[Opening Data excerpts section]

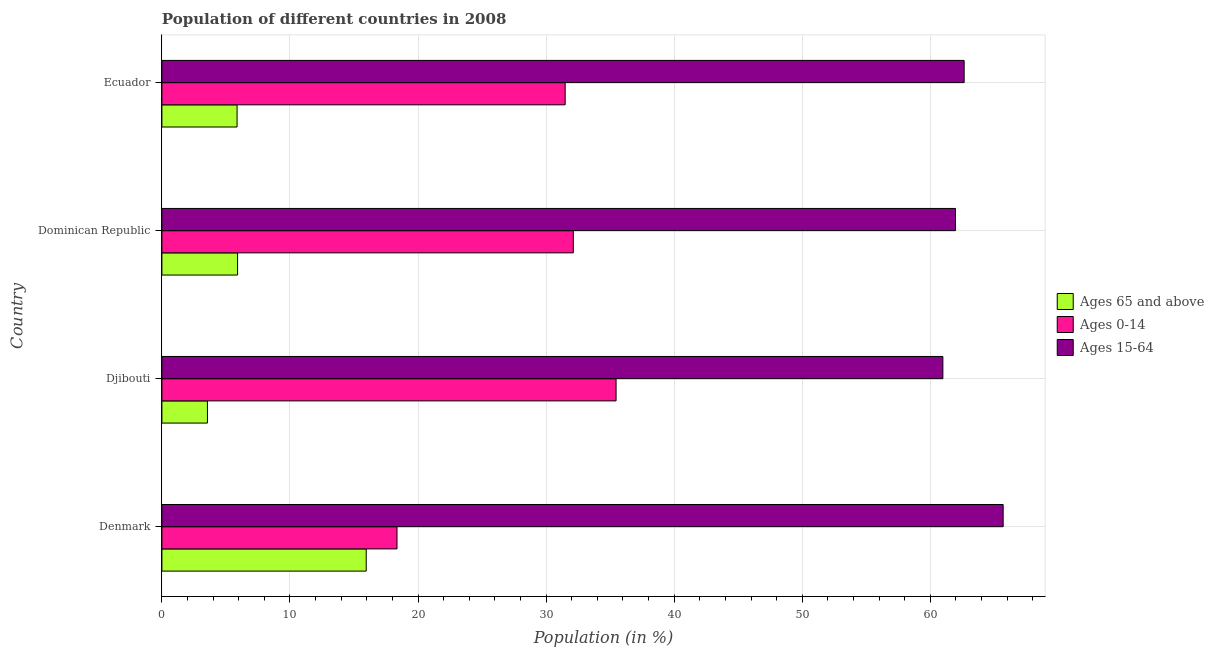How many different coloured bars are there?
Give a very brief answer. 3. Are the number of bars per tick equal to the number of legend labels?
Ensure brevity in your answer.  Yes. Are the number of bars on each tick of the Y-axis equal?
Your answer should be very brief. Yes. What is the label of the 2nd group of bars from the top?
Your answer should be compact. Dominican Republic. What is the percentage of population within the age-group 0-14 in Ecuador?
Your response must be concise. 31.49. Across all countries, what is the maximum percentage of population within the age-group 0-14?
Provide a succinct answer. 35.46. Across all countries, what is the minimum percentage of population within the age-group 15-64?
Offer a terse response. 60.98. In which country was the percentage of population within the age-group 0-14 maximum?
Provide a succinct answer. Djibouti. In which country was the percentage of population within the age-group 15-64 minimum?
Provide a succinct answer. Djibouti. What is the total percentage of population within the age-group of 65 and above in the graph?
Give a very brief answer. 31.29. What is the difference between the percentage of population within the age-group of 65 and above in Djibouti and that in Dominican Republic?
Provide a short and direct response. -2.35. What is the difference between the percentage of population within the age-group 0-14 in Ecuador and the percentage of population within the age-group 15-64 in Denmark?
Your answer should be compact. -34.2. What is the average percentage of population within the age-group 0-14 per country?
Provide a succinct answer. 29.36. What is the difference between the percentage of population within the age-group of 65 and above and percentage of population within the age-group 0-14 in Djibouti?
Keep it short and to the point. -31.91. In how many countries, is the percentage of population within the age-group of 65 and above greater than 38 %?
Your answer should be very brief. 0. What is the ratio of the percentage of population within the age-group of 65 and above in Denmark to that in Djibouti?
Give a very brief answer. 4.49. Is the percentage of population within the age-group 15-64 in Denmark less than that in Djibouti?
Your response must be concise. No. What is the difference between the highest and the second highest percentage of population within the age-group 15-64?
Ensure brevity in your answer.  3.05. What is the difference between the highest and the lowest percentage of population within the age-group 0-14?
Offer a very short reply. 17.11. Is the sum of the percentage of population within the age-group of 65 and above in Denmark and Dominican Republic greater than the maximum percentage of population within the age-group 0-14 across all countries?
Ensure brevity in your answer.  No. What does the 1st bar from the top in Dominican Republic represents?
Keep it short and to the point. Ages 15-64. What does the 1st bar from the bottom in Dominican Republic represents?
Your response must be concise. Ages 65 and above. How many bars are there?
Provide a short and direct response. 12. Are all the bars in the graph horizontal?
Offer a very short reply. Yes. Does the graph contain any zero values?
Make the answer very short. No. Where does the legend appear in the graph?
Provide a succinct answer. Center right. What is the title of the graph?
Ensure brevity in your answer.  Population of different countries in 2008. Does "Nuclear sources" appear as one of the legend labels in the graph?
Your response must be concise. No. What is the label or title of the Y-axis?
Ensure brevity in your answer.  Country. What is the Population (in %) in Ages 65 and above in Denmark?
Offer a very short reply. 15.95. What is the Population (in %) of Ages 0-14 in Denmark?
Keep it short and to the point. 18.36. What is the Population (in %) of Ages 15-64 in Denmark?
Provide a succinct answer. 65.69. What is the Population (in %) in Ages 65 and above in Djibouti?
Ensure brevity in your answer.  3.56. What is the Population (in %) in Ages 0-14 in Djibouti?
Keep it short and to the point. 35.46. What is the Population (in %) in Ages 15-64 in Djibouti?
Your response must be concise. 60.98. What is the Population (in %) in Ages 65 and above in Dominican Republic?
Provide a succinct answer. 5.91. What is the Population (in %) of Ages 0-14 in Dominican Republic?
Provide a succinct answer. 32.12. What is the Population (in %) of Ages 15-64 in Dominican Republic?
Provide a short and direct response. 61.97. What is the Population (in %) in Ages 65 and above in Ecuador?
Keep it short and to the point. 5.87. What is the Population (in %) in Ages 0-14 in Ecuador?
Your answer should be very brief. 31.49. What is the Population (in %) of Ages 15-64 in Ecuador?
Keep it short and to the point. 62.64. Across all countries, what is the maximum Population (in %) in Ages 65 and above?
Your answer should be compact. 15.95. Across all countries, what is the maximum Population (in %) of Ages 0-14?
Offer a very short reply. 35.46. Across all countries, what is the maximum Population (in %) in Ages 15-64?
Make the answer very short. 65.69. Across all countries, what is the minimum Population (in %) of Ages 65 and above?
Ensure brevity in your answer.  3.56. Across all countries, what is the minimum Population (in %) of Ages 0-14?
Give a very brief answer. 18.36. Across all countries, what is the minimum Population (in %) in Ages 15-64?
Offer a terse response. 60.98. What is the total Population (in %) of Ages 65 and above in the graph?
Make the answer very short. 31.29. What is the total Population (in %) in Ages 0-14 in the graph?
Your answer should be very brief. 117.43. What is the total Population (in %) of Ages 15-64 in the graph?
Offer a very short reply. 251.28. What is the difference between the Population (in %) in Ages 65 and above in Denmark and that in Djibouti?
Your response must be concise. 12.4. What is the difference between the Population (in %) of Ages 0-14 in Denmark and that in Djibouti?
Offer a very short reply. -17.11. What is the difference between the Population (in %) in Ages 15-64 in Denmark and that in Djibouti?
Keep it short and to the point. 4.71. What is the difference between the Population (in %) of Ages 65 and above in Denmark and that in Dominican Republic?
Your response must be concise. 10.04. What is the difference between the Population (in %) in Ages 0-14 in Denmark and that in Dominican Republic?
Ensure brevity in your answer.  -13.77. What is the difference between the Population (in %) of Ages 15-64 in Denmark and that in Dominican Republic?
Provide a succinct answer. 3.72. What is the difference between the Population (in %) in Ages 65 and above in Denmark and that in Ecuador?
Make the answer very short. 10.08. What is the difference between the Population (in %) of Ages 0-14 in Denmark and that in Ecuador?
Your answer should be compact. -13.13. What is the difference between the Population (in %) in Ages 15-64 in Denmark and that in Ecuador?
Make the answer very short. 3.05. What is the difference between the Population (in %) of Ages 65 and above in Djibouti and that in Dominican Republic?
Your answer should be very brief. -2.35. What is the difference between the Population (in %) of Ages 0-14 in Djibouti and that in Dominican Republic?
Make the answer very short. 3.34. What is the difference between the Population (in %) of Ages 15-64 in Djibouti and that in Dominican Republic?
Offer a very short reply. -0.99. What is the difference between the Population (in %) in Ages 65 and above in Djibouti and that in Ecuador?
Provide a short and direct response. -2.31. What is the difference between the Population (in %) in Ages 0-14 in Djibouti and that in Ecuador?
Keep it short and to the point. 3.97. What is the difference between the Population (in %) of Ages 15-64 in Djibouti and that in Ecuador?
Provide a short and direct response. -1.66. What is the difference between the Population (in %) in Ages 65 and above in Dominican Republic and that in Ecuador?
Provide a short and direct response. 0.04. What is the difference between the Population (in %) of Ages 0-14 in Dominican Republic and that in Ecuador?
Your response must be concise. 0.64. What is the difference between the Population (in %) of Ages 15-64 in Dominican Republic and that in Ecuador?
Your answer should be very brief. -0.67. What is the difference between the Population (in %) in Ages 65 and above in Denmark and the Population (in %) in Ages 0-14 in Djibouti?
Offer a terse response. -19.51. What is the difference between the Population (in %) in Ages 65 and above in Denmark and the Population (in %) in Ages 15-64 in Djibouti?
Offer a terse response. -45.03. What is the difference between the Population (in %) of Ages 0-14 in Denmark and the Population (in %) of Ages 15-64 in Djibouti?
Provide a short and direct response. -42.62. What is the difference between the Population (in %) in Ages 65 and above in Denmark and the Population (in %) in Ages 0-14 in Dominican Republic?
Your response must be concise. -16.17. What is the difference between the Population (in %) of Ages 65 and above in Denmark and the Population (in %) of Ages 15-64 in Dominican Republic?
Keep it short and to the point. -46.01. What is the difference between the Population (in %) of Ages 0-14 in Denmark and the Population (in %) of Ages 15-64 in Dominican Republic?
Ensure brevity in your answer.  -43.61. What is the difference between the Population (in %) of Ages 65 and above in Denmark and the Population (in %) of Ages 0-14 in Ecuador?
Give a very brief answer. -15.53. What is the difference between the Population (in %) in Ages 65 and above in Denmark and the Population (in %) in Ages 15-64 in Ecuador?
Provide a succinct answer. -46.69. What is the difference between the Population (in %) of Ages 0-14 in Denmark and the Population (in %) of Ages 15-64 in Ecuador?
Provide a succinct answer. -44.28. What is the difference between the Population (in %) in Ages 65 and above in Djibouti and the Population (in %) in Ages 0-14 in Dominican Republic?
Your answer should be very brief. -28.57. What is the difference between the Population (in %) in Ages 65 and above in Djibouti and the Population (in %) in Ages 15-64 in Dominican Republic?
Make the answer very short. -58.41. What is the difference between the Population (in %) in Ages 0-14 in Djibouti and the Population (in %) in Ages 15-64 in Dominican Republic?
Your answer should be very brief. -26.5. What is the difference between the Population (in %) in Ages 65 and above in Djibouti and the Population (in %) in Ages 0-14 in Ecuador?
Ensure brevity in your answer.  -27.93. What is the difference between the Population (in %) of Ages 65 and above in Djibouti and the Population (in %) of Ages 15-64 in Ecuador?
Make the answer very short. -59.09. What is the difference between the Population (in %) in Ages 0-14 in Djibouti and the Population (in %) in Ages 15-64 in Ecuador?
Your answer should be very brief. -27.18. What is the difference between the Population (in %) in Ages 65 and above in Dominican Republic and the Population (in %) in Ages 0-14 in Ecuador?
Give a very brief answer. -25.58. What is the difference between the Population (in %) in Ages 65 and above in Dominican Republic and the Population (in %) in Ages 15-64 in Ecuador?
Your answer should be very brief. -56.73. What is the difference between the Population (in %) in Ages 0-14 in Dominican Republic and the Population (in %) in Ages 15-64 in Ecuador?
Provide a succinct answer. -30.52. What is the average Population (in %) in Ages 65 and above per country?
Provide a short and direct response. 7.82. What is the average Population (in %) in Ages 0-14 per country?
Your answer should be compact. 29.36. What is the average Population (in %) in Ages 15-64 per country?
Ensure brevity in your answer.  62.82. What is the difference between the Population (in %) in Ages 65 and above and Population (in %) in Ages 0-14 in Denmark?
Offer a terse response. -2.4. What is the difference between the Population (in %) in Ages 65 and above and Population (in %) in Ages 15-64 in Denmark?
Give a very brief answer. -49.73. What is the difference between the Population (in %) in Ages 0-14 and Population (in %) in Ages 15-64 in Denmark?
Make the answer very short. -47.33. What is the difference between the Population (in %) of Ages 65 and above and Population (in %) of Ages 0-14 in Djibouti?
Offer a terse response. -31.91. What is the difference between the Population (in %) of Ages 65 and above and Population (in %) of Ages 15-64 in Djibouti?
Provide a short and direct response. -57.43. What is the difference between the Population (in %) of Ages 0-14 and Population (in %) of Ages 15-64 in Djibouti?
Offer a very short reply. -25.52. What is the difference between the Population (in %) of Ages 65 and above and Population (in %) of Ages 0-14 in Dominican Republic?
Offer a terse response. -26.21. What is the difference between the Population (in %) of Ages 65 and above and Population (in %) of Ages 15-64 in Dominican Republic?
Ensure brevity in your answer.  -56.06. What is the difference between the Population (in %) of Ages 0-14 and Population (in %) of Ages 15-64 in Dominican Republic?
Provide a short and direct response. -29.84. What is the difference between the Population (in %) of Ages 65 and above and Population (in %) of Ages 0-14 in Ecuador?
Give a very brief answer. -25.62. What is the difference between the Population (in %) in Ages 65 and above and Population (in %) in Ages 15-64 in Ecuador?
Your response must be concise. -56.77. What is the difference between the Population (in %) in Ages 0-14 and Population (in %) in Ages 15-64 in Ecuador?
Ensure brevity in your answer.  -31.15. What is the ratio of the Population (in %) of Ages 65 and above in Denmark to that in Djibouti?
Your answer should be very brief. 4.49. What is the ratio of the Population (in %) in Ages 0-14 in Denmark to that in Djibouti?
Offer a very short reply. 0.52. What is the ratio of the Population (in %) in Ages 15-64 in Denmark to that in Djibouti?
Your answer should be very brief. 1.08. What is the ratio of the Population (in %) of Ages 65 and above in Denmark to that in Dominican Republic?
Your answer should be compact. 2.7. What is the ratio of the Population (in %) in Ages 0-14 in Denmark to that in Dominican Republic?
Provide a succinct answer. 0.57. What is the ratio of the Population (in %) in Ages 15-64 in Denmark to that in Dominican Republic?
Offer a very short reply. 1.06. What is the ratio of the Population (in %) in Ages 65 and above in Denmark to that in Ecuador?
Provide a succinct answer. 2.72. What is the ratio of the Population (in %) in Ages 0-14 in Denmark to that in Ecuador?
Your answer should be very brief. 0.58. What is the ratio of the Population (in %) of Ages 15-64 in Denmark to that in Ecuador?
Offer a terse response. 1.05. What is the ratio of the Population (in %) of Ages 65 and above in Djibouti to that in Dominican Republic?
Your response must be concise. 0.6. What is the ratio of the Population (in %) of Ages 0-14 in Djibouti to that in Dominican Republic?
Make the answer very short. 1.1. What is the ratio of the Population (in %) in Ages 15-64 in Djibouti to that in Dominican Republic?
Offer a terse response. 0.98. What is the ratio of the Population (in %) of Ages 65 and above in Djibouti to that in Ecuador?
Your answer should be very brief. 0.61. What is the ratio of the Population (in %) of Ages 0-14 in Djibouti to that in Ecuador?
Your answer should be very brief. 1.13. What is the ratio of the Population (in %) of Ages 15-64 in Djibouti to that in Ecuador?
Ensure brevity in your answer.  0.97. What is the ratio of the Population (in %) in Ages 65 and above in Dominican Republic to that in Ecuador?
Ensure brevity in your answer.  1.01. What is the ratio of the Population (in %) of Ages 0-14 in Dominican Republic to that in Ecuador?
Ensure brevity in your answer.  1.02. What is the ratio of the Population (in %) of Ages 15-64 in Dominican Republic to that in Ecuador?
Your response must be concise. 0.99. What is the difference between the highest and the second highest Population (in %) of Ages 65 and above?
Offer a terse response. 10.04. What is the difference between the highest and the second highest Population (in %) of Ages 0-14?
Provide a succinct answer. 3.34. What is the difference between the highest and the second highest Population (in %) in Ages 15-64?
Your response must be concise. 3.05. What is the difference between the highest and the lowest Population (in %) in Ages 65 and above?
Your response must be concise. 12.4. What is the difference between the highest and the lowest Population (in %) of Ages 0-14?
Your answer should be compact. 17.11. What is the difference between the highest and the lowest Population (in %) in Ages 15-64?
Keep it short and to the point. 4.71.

[Closing Data excerpts section]

◆ Assigned task ◆
Looking at the entries, work out how many lines hold the word "axis". Give the number and nothing else.

◆ Reply ◆
2